Posted by: HenryRoe89 on 11/02/2021

Hi,

I'm looking into implementing the Linkswitch TNZ in a transistor phase dimmer design and I've been looking at DER-865. I am looking for more information and guidance about how the device will operate with a neutral connection.

For context I am considering when the dimmer is fully on and current is only drawn at the input of the supply when live is negative, since the return for the supply will always be at live potential, i.e. a half wave rectified input and your design spreadsheets indicate a 2200uH inductor will be fine for a 70ma output, lovely stuff.

1. We will very likely be using either a +10dBm/+20dBm 433/868MHz transceiver and I'm concerned about the proper operation of the device with relatively high peak current draw when transmitting. I plan to increase the input capacitance to mitigate voltage drop at the input of the supply but if we are pulling 100-120ma for around 40-50ms when transmitting do you foresee any problems?

2.  If we were to operate the device with a neutral only, would D6 still be required for the zero cross? I assume not but I want make sure!

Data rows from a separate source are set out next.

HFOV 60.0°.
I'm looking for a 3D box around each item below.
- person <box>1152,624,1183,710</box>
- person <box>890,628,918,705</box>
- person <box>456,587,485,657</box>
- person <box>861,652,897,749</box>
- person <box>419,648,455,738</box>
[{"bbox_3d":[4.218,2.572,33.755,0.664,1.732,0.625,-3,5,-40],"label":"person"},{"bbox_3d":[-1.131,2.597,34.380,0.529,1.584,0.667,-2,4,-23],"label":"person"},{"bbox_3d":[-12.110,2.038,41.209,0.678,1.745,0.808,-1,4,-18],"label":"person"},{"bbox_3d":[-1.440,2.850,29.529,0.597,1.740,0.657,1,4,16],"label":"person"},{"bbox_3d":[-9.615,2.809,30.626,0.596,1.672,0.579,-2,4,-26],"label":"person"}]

If you have any other gems of wisdom which aren't present on the datasheet or reference design it would be greatly appreciated.

 

Many thanks,

Henry.

Comments

Submitted by PI-Crumb on 11/09/2021

hi Henry,

For item 1, you can definitely just increase the input capacitance to compensate for the half-wave rectification. However, you might need to redesign the buck converter to be able to deliver 120 mA. Please use a larger LinkSwitch-TNZ device.

 

For item 2, if it's neutral only, you still need to use D8 (I think you mean D8 instead of D6) to be able to accurately detect the zero-crossing on each phase of the AC line.

 

Submitted by HenryRoe89 on 11/10/2021

Hi PI-Crumb,

Thanks for getting back to me that's really useful information and yes I did mean D8 not D6.

I am still a bit confused about the inductor selection. So we will normally be drawing around 20-30ma or so and then around 120-130ma when transmitting, but only for 40-50ms and with a fixed interval between transmissions.

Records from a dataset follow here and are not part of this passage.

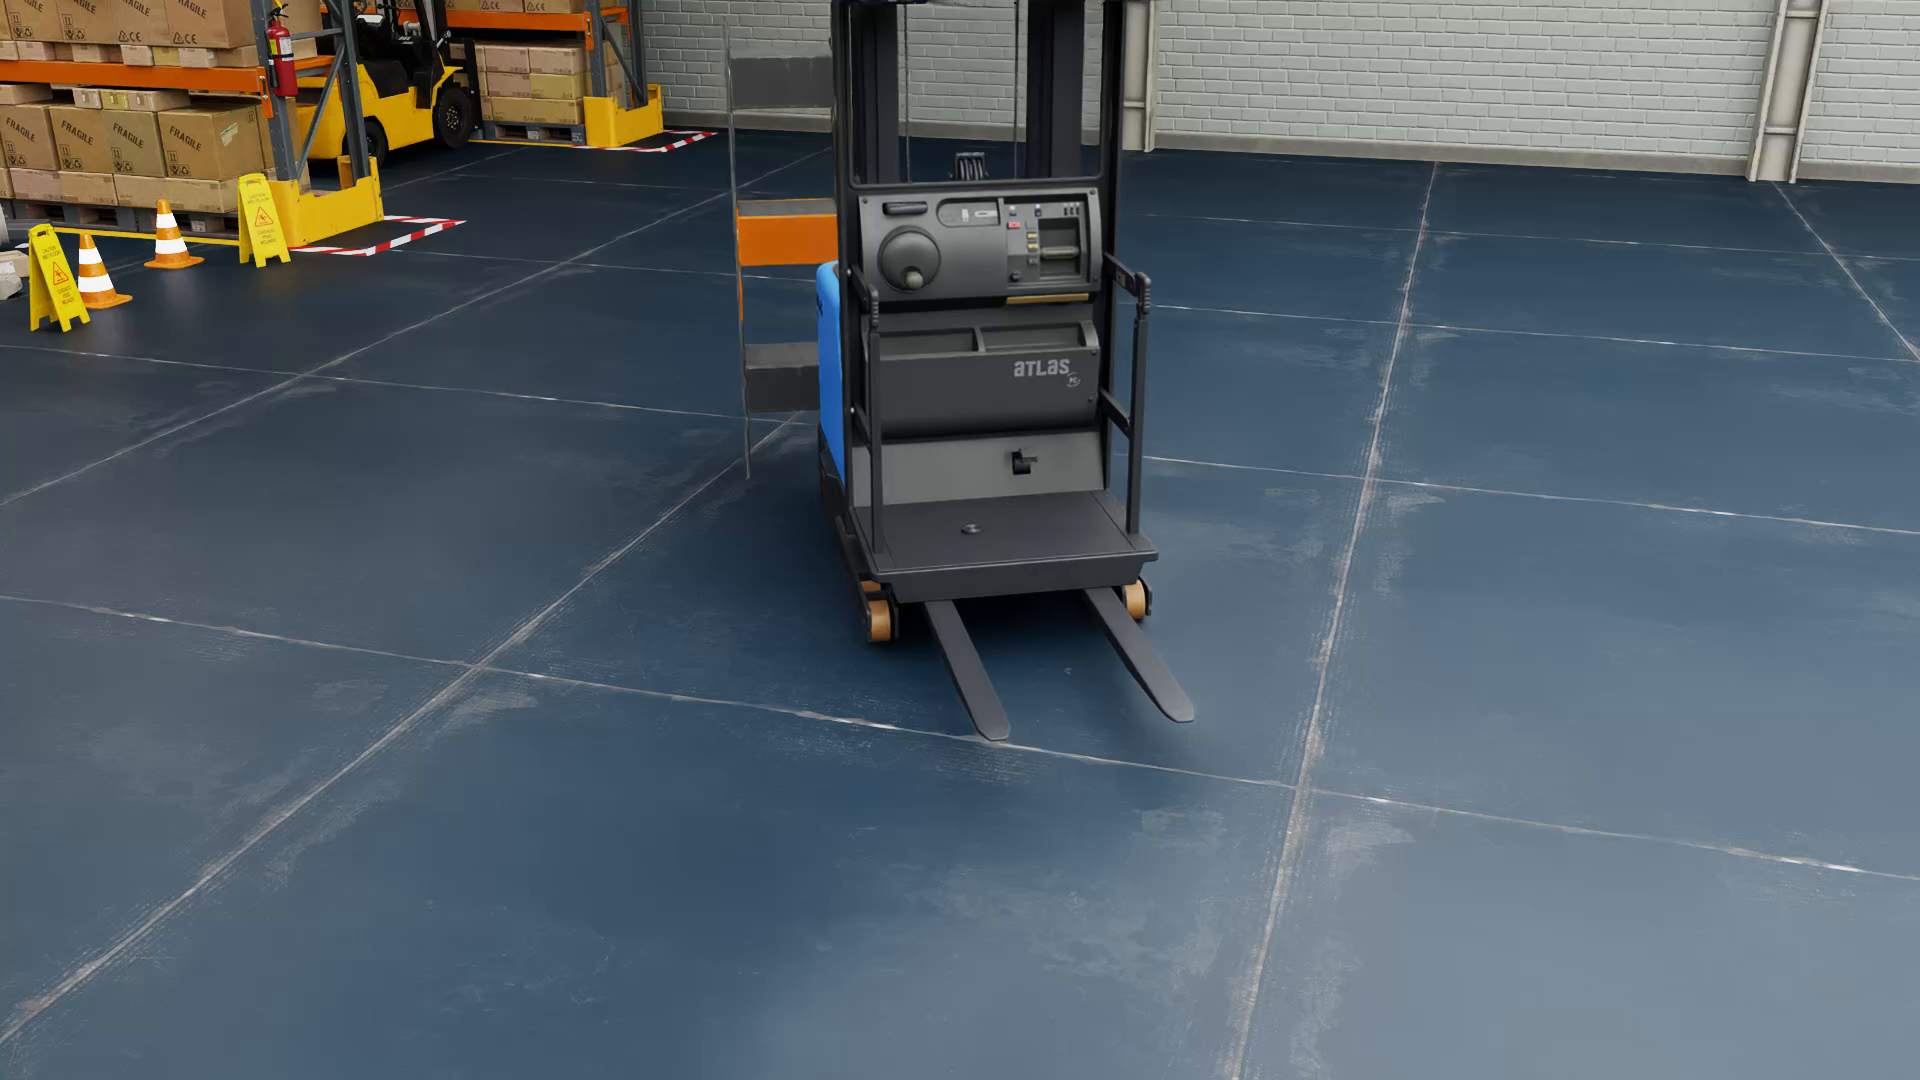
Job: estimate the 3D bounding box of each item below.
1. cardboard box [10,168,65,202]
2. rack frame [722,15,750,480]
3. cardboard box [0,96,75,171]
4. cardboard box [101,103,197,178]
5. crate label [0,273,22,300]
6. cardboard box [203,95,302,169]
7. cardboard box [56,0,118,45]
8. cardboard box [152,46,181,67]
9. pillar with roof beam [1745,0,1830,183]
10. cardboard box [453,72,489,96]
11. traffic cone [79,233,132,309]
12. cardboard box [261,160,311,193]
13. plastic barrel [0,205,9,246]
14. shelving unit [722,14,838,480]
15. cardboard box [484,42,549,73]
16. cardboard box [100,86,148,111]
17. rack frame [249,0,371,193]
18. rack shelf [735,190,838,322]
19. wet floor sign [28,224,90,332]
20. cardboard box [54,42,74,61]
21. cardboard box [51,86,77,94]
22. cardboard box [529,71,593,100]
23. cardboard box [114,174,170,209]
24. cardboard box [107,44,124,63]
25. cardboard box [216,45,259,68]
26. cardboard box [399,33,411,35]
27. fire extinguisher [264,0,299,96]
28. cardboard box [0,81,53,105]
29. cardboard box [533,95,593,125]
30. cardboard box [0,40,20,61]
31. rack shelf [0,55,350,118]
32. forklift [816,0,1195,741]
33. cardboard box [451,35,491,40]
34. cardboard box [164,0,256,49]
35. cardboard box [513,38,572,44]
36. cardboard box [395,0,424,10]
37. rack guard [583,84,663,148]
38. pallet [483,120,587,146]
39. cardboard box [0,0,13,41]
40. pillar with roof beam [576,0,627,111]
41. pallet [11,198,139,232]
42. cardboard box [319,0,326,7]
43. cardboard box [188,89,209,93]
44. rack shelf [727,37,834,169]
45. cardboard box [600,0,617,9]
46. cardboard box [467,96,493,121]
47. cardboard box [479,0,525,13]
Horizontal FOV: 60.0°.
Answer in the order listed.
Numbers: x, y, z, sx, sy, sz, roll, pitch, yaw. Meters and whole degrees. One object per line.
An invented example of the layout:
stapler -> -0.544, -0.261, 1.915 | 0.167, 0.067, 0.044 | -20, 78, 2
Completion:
cardboard box -> -7.316, -2.932, 13.534 | 0.500, 0.250, 0.500 | 6, 23, 15
rack frame -> -1.043, -1.334, 7.755 | 0.015, 2.100, 0.400 | -3, 23, -8
cardboard box -> -7.327, -3.278, 13.391 | 0.500, 0.500, 0.500 | 8, 24, 18
cardboard box -> -6.339, -3.164, 13.112 | 0.500, 0.500, 0.500 | 7, 23, 17
crate label -> -6.546, -1.723, 11.289 | 0.298, 0.136, 0.250 | -5, 23, -12
cardboard box -> -5.712, -3.306, 13.458 | 0.500, 0.500, 0.500 | 6, 23, 14
cardboard box -> -6.552, -4.101, 12.792 | 0.500, 0.500, 0.500 | 6, 23, 15
cardboard box -> -5.930, -3.716, 12.707 | 0.250, 0.149, 0.380 | 6, 23, 15
pillar with roof beam -> 6.273, -5.949, 9.916 | 0.400, 9.000, 9.100 | 7, 23, 16
cardboard box -> -5.100, -4.850, 17.553 | 0.500, 0.250, 0.500 | 6, 23, 14
traffic cone -> -5.776, -1.810, 11.072 | 0.334, 0.463, 0.336 | 7, 23, 16
cardboard box -> -5.689, -2.956, 13.595 | 0.500, 0.250, 0.500 | 6, 23, 15
plastic barrel -> -7.411, -2.330, 12.392 | 0.512, 0.421, 0.421 | -14, 26, -30
shelving unit -> -0.801, -1.347, 7.788 | 0.503, 2.100, 0.431 | -3, 23, -8
cardboard box -> -4.588, -5.025, 17.320 | 0.500, 0.250, 0.500 | 7, 23, 16
cardboard box -> -6.449, -3.452, 12.961 | 0.250, 0.149, 0.380 | 7, 23, 16
rack frame -> -4.996, -3.845, 12.692 | 0.127, 3.000, 1.000 | 7, 23, 16
rack shelf -> -0.801, -1.335, 7.793 | 0.480, 0.518, 0.431 | -3, 23, -8
wet floor sign -> -5.730, -1.663, 10.474 | 0.232, 0.644, 0.267 | 3, 22, 6
cardboard box -> -6.874, -3.867, 13.076 | 0.250, 0.149, 0.380 | 7, 23, 16
cardboard box -> -7.694, -3.531, 14.006 | 0.500, 0.500, 0.500 | 7, 23, 16
cardboard box -> -4.122, -4.743, 17.290 | 0.500, 0.250, 0.500 | 6, 23, 15
cardboard box -> -6.342, -2.818, 13.257 | 0.500, 0.250, 0.500 | 7, 23, 16
cardboard box -> -6.390, -3.812, 12.942 | 0.250, 0.149, 0.380 | 7, 23, 16
cardboard box -> -5.416, -3.692, 12.650 | 0.250, 0.149, 0.380 | 7, 23, 17
cardboard box -> -6.379, -5.439, 18.329 | 0.500, 0.250, 0.500 | 6, 23, 15
fire extinguisher -> -5.020, -3.630, 12.268 | 0.183, 0.674, 0.296 | 7, 23, 16
cardboard box -> -7.486, -3.571, 13.249 | 0.250, 0.149, 0.380 | 8, 24, 19
cardboard box -> -4.107, -4.508, 17.378 | 0.500, 0.250, 0.500 | 7, 23, 16
cardboard box -> -7.395, -3.873, 13.090 | 0.250, 0.149, 0.380 | 7, 23, 16
rack shelf -> -6.911, -3.732, 13.363 | 4.000, 0.370, 1.077 | 7, 23, 16
forklift -> 0.125, -1.117, 6.130 | 1.130, 2.935, 3.031 | -4, 23, -10
cardboard box -> -5.415, -5.326, 18.055 | 0.500, 0.250, 0.500 | 6, 23, 14
cardboard box -> -5.596, -3.989, 12.518 | 0.500, 0.500, 0.500 | 6, 23, 15
cardboard box -> -4.451, -5.209, 17.769 | 0.500, 0.250, 0.500 | 7, 23, 16
cardboard box -> -5.582, -5.822, 17.378 | 0.500, 0.500, 0.500 | 7, 23, 16
rack guard -> -3.543, -4.490, 17.558 | 0.348, 0.500, 1.175 | 7, 23, 16
pallet -> -4.310, -4.428, 17.786 | 1.213, 0.211, 1.003 | 7, 23, 16
cardboard box -> -7.521, -4.212, 13.062 | 0.500, 0.500, 0.500 | 6, 23, 15
pillar with roof beam -> -5.216, -7.265, 13.123 | 0.400, 9.000, 9.100 | 7, 23, 16
pallet -> -7.001, -2.800, 13.818 | 1.213, 0.211, 1.003 | 7, 23, 16
cardboard box -> -6.543, -5.939, 17.665 | 0.500, 0.500, 0.500 | 7, 23, 16
cardboard box -> -8.639, -5.324, 18.873 | 0.625, 0.625, 0.875 | 6, 23, 15
rack shelf -> -0.801, -1.982, 7.527 | 0.480, 0.518, 0.431 | -3, 23, -8
cardboard box -> -3.960, -5.851, 17.449 | 0.500, 0.500, 0.500 | 7, 23, 17
cardboard box -> -5.057, -4.624, 17.661 | 0.500, 0.250, 0.500 | 7, 23, 16
cardboard box -> -4.607, -5.714, 17.117 | 0.500, 0.500, 0.500 | 7, 23, 17

Ideally I would like to design the supply to be able to deliver the full load current continuously but I can mitigate for this by designing in a fail safe enable circuit for the transmitter to make sure it doesn't draw current continuously if it fails. I only really need to be able to deliver the peak current for a short time. 

Regarding Inductor selection: I can't find any design calculations for the inductor selection anywhere, but your design spreadsheets give very strange results. The inductance required seems to go up with load current to about 2.7mH @ 80ma and then drops back down to approx 1mH @ 90-100ma and the frequency of the converter remains constant(?). Is this to prevent overshoot at lower currents, something relating to the minimum on time of the converter? If so why such a drastic change in the required change between 80-90ma?

In our situation, should I go for the higher value inductance, or can I get away with a lower inductance in reality. I will test this in the lab, but some assistance would be great, if you could explain what's going on there that would be really helpful. A little more information about how to handle discontinuous currents when designing with your devices would be extremely reassuring :)

Failing this and as long as I limit the inrush current, do you foresee any issue if I were to put a massive capacitance at the output of the linear regulator?

Many thanks,

Henry.